FAIRFAX NATIVE, BOB BESSETTE, PROUDLY DISPLAYS POTTERY MANUFACTURED IN FAIRFAX AROUND 1851/52
Bob Bessette braved the below zero temperatures last evening to show me one of the jugs he received for Christmas. It is a Farrar & Stearns, one gallon jug, manufactured in Fairfax around 1851/52, and in perfect condition. What better place to take this photo then in front of a photo, taken about 20 or so years ago by David Juaire of the center of Fairfax, where it is believed Farrar & Stearns was once located. Eleven different pottery manufacturers existed in the town of Fairfax during the 1800s, as research continues.

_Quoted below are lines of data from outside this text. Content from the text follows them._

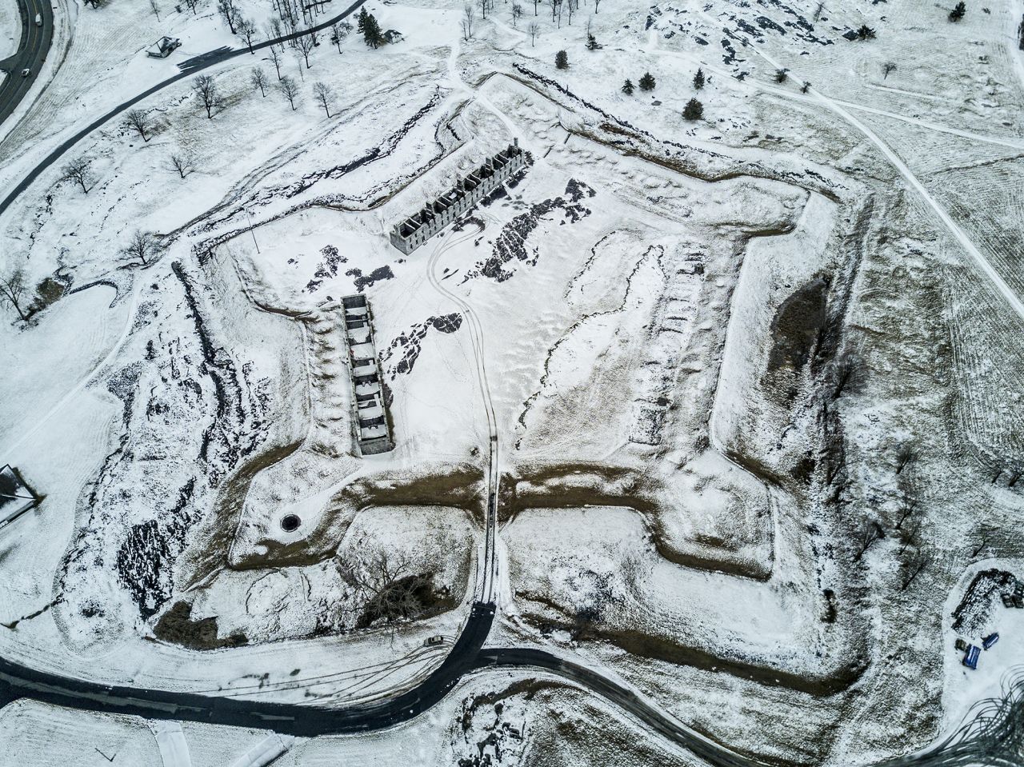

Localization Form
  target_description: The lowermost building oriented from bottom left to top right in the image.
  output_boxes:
[384,134,525,254]
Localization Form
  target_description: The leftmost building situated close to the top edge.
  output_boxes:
[146,37,184,58]
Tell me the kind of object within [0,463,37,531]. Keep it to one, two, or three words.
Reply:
building
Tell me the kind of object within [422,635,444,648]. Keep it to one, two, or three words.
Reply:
vehicle
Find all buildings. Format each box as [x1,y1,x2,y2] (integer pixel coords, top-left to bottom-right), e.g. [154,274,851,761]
[341,293,392,451]
[384,29,402,44]
[0,463,37,531]
[146,37,184,58]
[384,134,525,254]
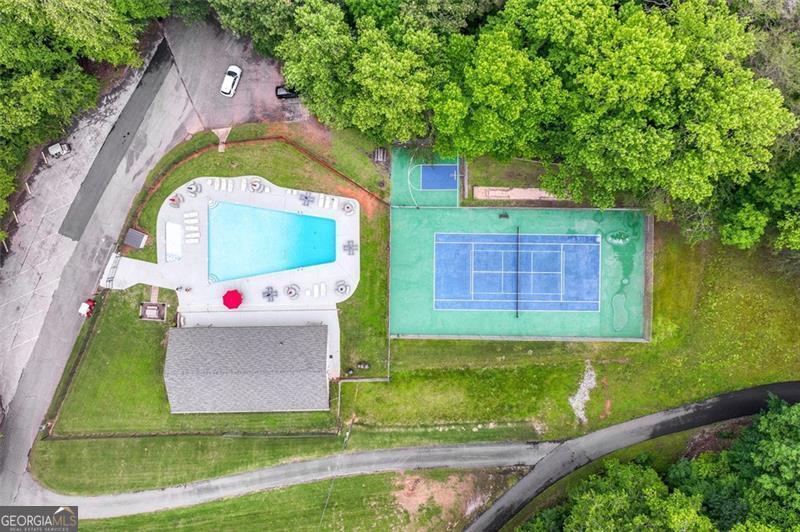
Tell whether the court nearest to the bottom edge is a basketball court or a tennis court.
tennis court
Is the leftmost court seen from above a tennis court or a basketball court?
basketball court
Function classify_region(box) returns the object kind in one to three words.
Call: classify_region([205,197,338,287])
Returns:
swimming pool
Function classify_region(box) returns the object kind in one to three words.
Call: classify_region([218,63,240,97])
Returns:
car
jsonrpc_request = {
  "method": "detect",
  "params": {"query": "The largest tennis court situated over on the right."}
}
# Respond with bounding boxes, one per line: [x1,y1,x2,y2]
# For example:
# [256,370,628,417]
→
[390,207,650,342]
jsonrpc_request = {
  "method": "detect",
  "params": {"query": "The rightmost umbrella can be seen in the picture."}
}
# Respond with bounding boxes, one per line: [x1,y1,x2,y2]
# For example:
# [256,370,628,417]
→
[223,289,243,309]
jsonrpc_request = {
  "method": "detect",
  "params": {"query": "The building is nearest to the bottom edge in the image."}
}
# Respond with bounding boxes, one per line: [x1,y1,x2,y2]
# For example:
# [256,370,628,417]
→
[163,322,330,415]
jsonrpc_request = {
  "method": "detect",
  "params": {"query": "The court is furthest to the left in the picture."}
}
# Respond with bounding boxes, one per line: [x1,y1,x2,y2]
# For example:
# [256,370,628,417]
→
[391,147,460,207]

(Photo by Henry A. Raymond)
I sent the above photo in to the St. Albans Messenger along with some additional information and they published it in the January 30, 2003 issue in case you would like to get a copy. Below is the information published in the paper:
Bob Bessette, of Fairfax, holds a Farrar & Stearns, one gallon jug, manufactured in Fairfax around 1851-52. It is believed the pottery company was located in the center of Fairfax (shown in the David Juaire photo behind Bessette). Eleven different pottery manufacturers existed in the town during the 1800s. Local historian Henry A. Raymond says it has been difficult to determine in what year Farrar & Stearns started. Raymond does know that Isaac Brown Farrar, was born in 1771. He was in Enosburg in 1798 and was the first clerk of that town. His daughter was the first white child recorded there. He may have moved to Fairfax around 1815, and would have veen old enough then to be in business with his father. Two of the Farrar brothers were drowned in the disastrous sinking of the Montrealer on the St. Lawrence River in 1857, says Raymond. One of them, Stephen, is buried in Fairfax.